*** Opening Data extract ***

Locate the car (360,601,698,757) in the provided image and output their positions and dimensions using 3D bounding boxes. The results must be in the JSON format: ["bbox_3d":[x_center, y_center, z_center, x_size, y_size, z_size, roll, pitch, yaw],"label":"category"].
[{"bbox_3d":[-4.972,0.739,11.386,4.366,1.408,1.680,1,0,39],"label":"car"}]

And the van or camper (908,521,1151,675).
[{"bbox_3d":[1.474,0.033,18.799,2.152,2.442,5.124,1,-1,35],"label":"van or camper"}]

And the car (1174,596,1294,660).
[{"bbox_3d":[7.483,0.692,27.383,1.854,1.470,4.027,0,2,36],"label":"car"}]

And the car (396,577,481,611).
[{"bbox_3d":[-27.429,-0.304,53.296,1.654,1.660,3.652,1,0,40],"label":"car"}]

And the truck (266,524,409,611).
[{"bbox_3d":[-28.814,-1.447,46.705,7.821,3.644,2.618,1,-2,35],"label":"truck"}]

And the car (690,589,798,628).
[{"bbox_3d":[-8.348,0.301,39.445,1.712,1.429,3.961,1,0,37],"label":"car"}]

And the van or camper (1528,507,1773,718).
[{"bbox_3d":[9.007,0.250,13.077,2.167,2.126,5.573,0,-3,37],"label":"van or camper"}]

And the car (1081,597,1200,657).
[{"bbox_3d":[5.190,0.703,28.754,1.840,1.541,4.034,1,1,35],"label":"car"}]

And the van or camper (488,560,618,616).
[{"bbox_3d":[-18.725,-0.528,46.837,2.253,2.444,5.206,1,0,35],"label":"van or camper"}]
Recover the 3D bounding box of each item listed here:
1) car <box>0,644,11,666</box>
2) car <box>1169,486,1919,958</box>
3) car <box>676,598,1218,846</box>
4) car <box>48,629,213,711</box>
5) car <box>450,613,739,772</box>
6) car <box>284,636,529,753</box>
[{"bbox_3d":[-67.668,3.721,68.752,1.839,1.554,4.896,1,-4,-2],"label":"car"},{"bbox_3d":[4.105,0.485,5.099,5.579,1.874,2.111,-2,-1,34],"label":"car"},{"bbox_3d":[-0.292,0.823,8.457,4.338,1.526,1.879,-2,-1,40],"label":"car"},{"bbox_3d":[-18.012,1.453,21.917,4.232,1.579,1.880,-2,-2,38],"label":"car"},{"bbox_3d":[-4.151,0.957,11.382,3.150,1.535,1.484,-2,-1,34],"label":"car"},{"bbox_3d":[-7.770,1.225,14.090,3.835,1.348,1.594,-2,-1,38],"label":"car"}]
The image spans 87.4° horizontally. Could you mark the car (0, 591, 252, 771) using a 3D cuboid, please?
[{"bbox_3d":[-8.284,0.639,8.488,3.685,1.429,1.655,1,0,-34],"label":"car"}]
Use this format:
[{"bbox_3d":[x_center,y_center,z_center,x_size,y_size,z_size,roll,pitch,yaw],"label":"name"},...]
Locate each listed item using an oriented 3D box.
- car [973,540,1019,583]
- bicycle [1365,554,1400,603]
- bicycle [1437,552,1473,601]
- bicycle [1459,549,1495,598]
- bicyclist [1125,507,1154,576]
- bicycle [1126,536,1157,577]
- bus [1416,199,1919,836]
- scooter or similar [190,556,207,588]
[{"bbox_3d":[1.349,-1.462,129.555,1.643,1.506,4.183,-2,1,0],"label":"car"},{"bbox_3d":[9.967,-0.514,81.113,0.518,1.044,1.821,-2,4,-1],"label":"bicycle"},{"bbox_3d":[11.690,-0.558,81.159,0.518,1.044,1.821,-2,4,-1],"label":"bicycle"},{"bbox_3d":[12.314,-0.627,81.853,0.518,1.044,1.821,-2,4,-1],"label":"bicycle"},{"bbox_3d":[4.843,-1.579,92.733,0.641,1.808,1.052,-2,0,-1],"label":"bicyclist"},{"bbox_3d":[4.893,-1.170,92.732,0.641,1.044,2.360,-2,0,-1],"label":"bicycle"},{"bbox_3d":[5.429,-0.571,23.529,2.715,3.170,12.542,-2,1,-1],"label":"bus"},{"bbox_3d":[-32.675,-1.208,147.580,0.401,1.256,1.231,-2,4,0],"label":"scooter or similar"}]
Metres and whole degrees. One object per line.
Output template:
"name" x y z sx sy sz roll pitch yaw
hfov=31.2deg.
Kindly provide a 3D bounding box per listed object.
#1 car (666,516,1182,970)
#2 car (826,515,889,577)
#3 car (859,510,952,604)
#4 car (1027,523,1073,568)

*** Closing Data extract ***

_Your task_: Among the lines above, list those that contain the word "item".

_Result of this exercise_:
Recover the 3D bounding box of each item listed here:
Locate each listed item using an oriented 3D box.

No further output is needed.